В те редкие дни, когда Пимен являлся в бригаду, он чувствовал на себе насмешливо-настороженные взгляды женщин и слышал их обидные, нарочито громкие слова:
— Должно быть, у нас сегодня улова не будет, потому что дядя Пиша прибыл…
— Его вся рыба боится…
— Ласкирь и тот от него хоронится…
Иногда Пимен лениво отругивался, а больше молчал, неторопливо исполняя то, что требовалось, или, сидя на берегу озера, неприязненно поглядывал на работающих женщин.
— Ничего, дядя Пиша, — весело утешала его Марфа, — вы не горюйте. Ну, скинули вас с бригадирства, ну, в женскую бригаду направили. Чего ж тут такого? Наши бабы, гляди, из вас еще человека сделают…
— Отстань, Марфушка, — огрызнулся Пимен, — не твоего ума дело.
Но Марфа, подмигивая смеющимся рыбачкам, говорила важно:
— Как же не моего ума? Вы ведь, дядя Пиша, до нас для перевоспитания прибыли, и мы, можно сказать, отвечать за вас будем…

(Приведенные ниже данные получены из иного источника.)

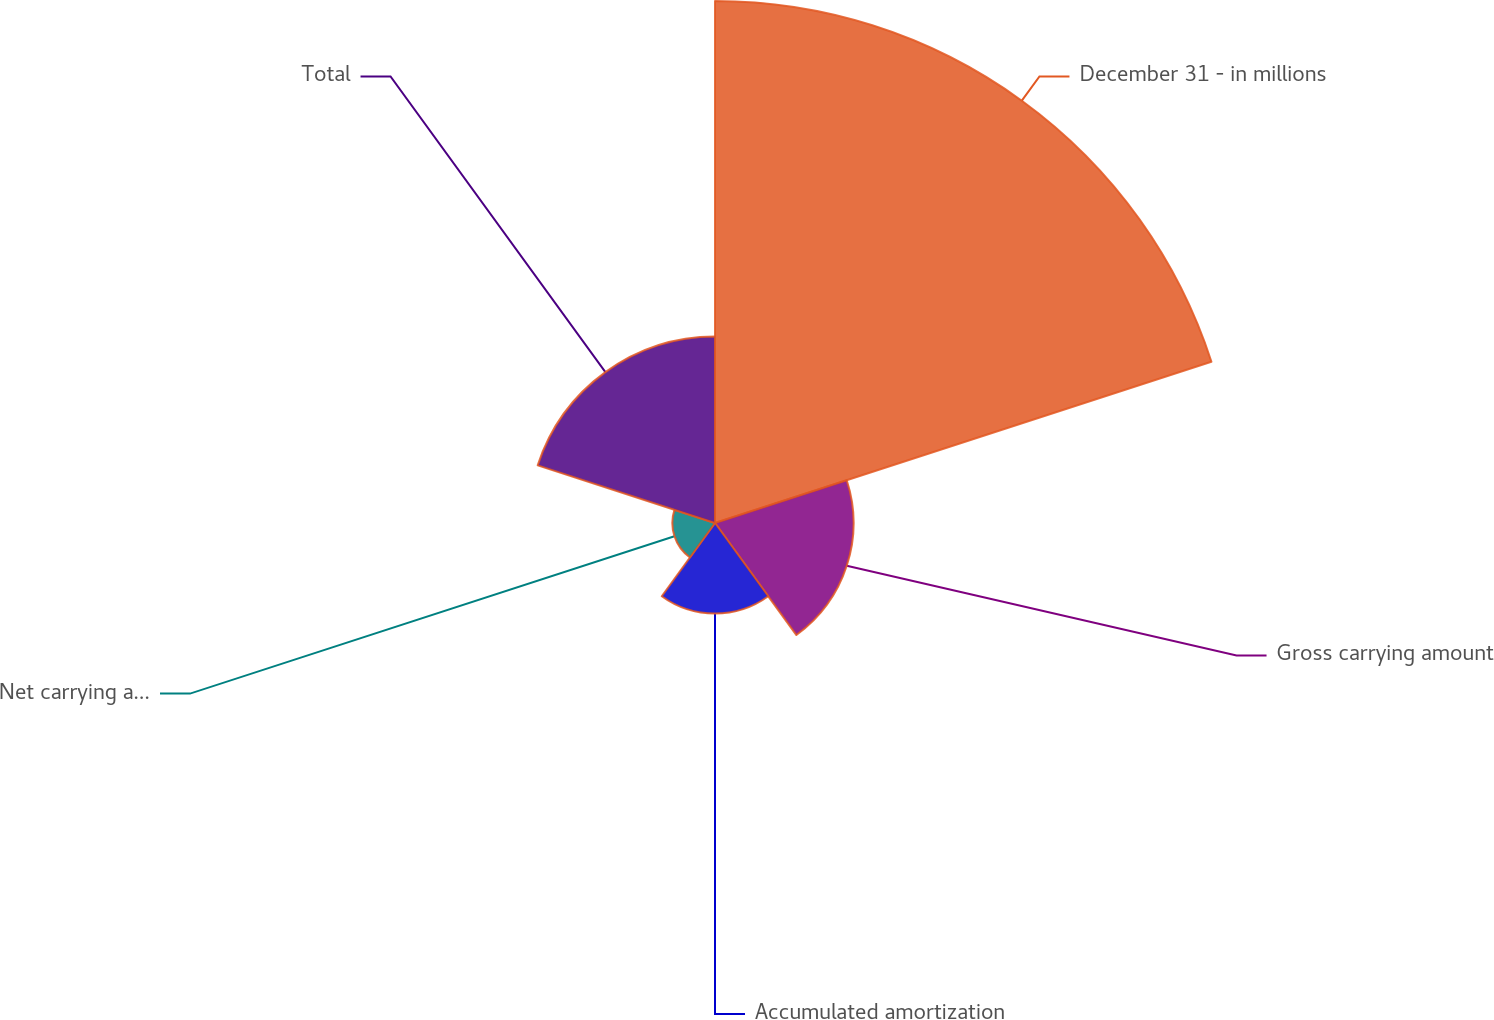<chart> <loc_0><loc_0><loc_500><loc_500><pie_chart><fcel>December 31 - in millions<fcel>Gross carrying amount<fcel>Accumulated amortization<fcel>Net carrying amount<fcel>Total<nl><fcel>53.25%<fcel>14.13%<fcel>9.24%<fcel>4.35%<fcel>19.02%<nl></chart>

— Чего ты там мелешь? — мрачнел Пимен. — Какое перевоспитание? Я человек больной. Ноги у меня не ходят и в середке мутить стало…
Для того чтобы оправдать свою выдумку о болезни, Пимен, несмотря на жару, надевал огромные валенки, брал в руки тяжелую палку и, изредка показываясь в станице, жаловался, что его мучает ревматизм.
Каждый день он приходил в балаган к брату Авдею, укладывался на земляные, пахнущие погребом нары и молчал, глядя в затянутый паутиной камышовый потолок. Паромщик боязливо посматривал на брата, несколько раз принимался уговаривать Пимена, но тот огрызался с ленивой злобой:
— Отстань, Авдей. Через тебя, старого чертяку, я и погорел…
Он слушал тоскливые причитания Авдея Гавриловича, молча посапывал и, зевая, засыпал. А паромщик, думая, что брат только прикидывается спящим, продолжал бубнить под нос свои бесконечные жалобы:
— Паромишко мой совсем рассыпается, пары телег удержать не могёт, а председатель колхоза и в ус не дует. Потерпи, говорит, Гаврилыч, скоро, дескать, новый паром устроим…
Председатель полеводческого колхоза Захар Петрович Бугров действительно приходил на берег и пообещал деду Авдею построить новый паром. Его давно уже беспокоило положение с перевозом: в степи поспевали хлеба, надвигалась страдная пора хлебопоставок, а элеватор был расположен в районной станице, на левом берегу. Секретарь райкома предупредил Захара Петровича, что район взял обязательство выполнить хлебопоставки в предельно сжатые сроки и что зерно не должно оставаться на токах ни одного лишнего часа.